Task objective —
Search the records for lines that contain the word "intersections". Copy them all.

Record set —
******************************

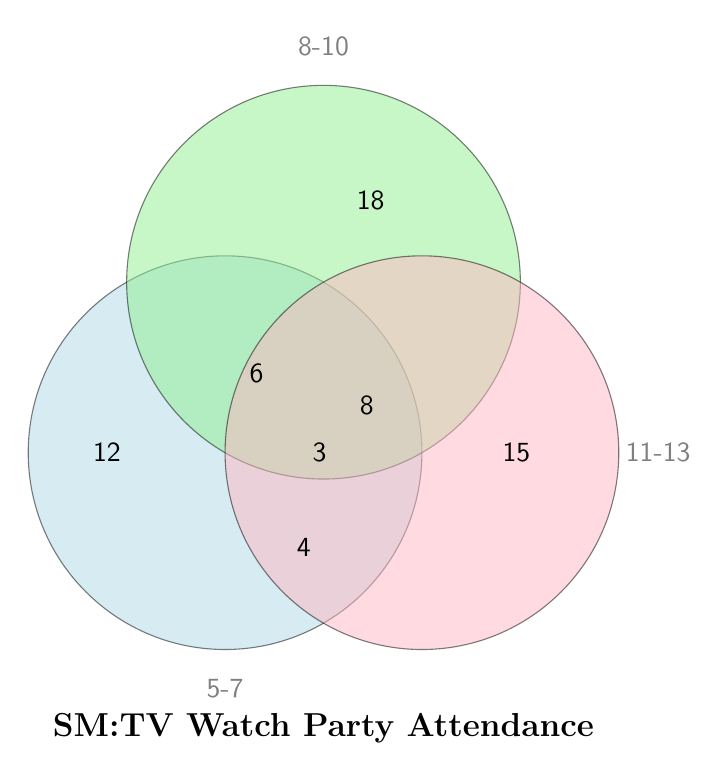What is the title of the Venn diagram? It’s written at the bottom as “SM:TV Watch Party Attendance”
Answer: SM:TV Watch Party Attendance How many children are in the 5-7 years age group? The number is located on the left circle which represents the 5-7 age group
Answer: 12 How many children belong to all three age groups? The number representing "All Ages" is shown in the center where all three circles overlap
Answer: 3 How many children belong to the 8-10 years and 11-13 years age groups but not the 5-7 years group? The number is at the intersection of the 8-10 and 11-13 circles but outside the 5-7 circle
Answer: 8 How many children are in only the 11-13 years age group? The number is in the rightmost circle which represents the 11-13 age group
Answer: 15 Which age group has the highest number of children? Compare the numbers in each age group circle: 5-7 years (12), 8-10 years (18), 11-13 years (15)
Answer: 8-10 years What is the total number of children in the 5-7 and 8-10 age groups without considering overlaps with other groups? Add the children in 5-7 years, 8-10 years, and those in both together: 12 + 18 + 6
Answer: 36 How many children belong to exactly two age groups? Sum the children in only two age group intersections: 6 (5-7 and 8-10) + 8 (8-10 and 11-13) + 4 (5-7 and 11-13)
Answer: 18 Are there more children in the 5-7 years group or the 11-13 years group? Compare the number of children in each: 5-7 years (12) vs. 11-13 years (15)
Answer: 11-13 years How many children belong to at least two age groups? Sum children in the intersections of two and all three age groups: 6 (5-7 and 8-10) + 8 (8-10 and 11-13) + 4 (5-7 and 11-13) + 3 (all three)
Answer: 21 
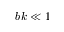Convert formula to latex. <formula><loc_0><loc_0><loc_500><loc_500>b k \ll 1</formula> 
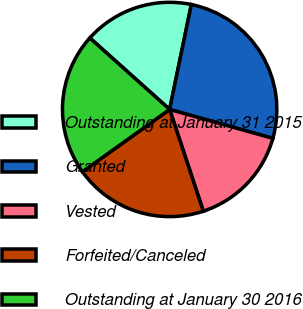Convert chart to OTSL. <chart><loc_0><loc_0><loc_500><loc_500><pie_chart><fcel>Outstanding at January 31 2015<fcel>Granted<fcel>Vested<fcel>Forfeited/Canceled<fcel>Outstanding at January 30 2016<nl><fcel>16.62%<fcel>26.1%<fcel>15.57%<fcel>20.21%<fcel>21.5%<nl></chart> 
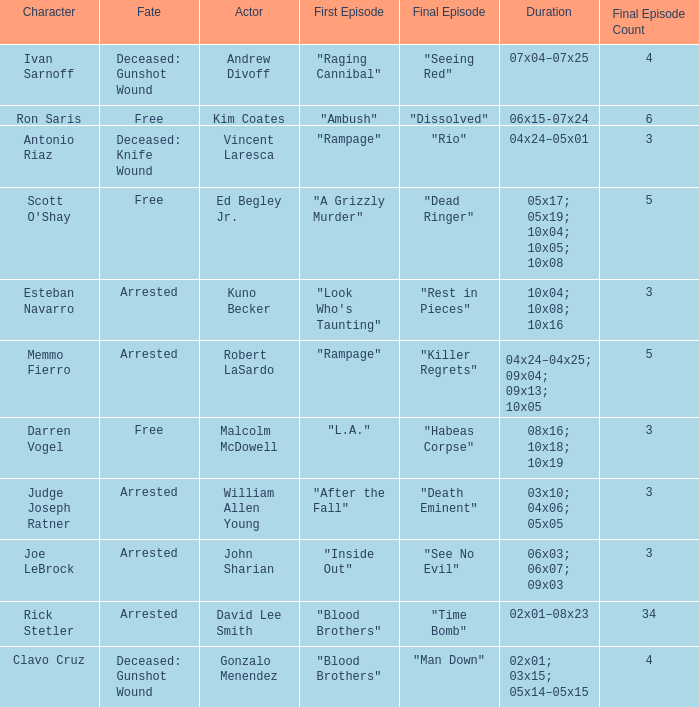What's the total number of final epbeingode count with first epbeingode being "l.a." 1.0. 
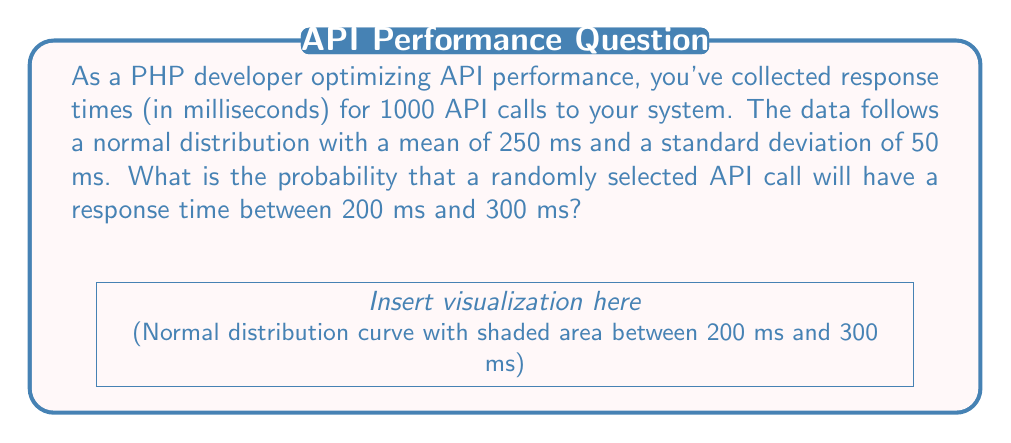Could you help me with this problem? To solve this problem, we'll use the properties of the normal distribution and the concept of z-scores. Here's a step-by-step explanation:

******************************

Result of this exercise —
Answer: 36 How many children belong to exactly two age groups? Sum the children in only two age group intersections: 6 (5-7 and 8-10) + 8 (8-10 and 11-13) + 4 (5-7 and 11-13)
Answer: 11-13 years How many children belong to at least two age groups? Sum children in the intersections of two and all three age groups: 6 (5-7 and 8-10) + 8 (8-10 and 11-13) + 4 (5-7 and 11-13) + 3 (all three)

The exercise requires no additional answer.